Structural aspects of actomyosin interaction

Abstract

Actin binding to myosin-S1 modulates the limited tryptic cleavage of the COOH-terminal region of the 95K heavy chain at the joint connecting the 75K and 20K peptide units; concomitantly actin affords total protection against the resulting loss of acto-S1 Mg2+-ATPase activity. The specificity of the actin effect is illustrated by the fact that it exerts itself not only on free S1 but also on the intact myosin molecule. Mg2+-ATP and Mg2+-ADP impair the protective action of actin to an extent closely related to their respective affinity for the acto-S1 complex. Tryptic fragmentation of S1 heavy chain under highly controlled conditions, using trypsin to S1 weight ratios in the range 1:1000 - 1:1500 led us to establish that peptide bond cleavage at the 75K-20K junction is a sequential process giving rise first to a 22K peptide intermediate which is subsequently converted to the stable 20K fragment. Most importantly, it is also demonstrated that the loss of S1 activation by actin is not due to the initial scission of the 75K-22K linkage but is intimately associated with the breakdown of the 22K precursor into its 20K moiety. Three trypsin-modified S1 derivatives, the heavy chain of which is a complex of two or three fragments, were purified. A detailed analysis of the C-termini of these fragments, as compared to the C-terminal structure of the intact heavy chain, indicated that the 20K fragment is formed mainly through the degradation of a NH2-terminal 2K segment in the 22K precursor and that this proteolytic event is the only one accounting for the acto-S1 ATPase loss.
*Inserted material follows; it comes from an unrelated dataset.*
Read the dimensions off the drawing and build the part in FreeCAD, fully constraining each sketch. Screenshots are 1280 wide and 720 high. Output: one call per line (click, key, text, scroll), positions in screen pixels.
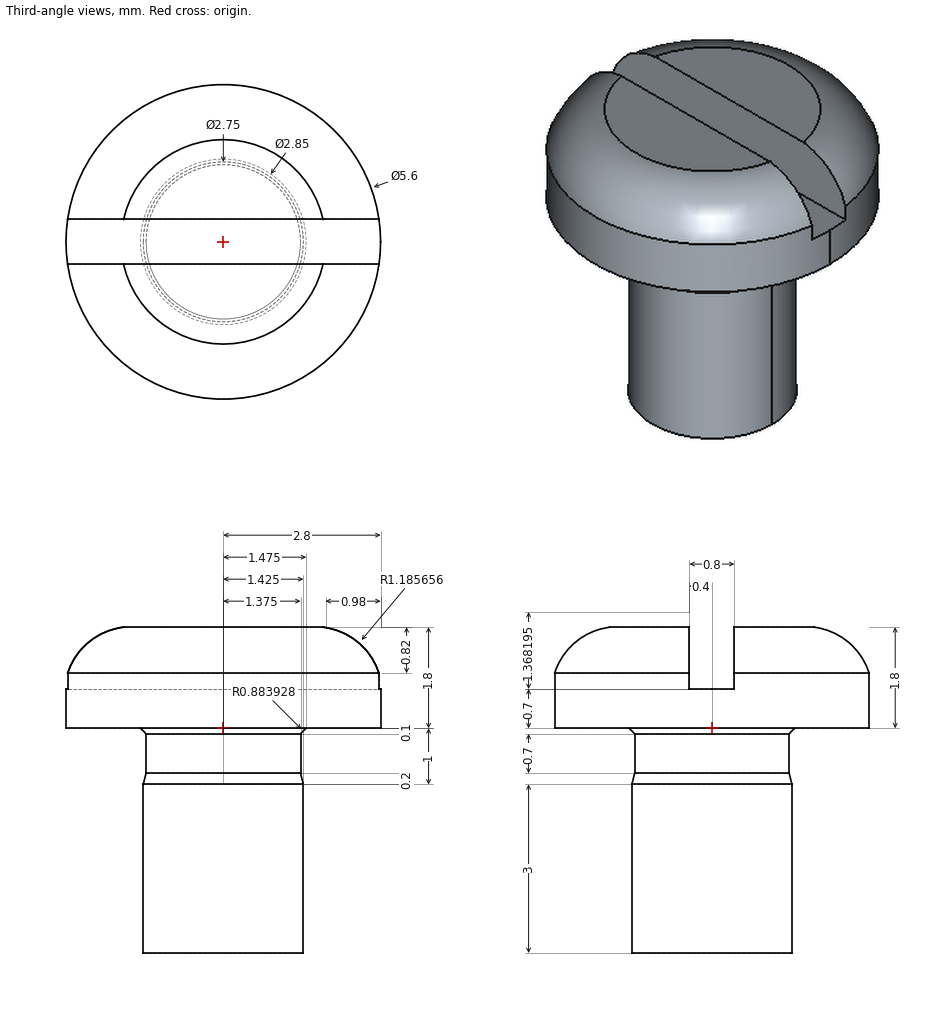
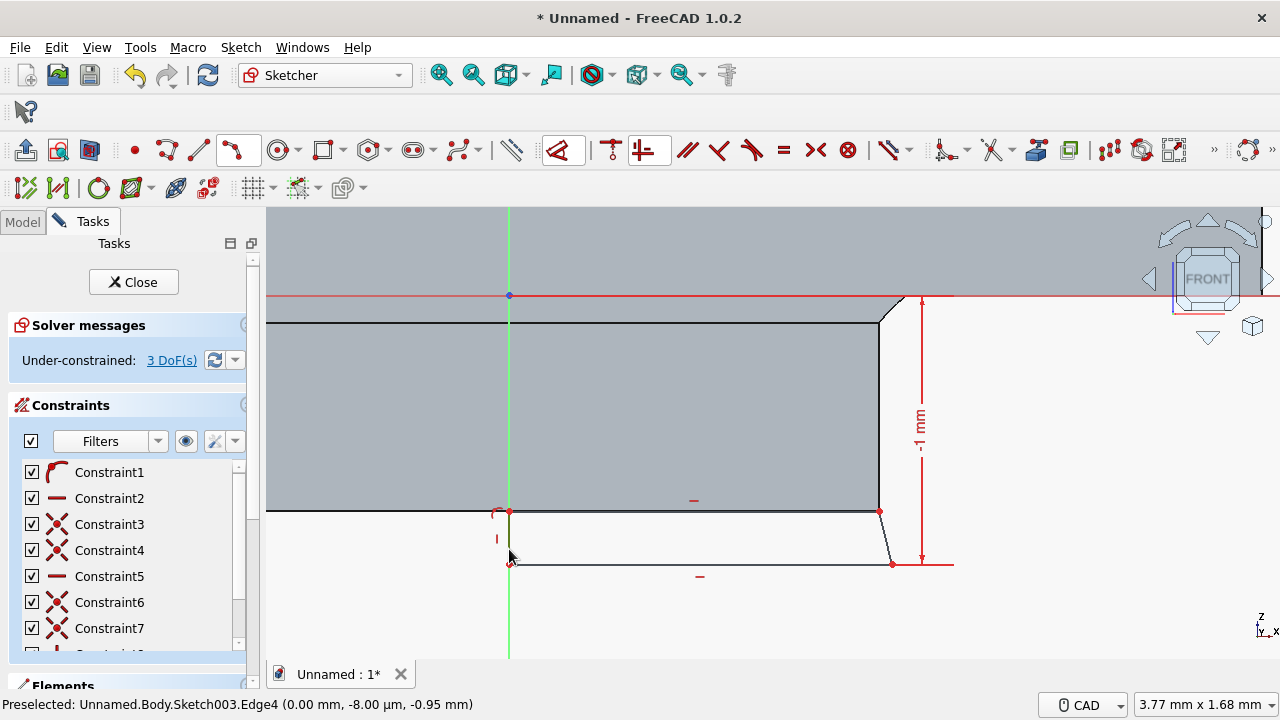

Cross-linking experiments exploiting the reaction of a carbodiimide reagent with rigor complexes containing either fluorescent actin or fluorescent fragmented S1 revealed unequivocally the attachment of the actin monomer to recognition sites on the 20K and 50K units of S1 heavy chain. Specific interactions between the C-terminal 20K domain and light chain LC2 are proposed as being part of the molecular mechanism of the myosin-linked regulation of actomyosin interaction.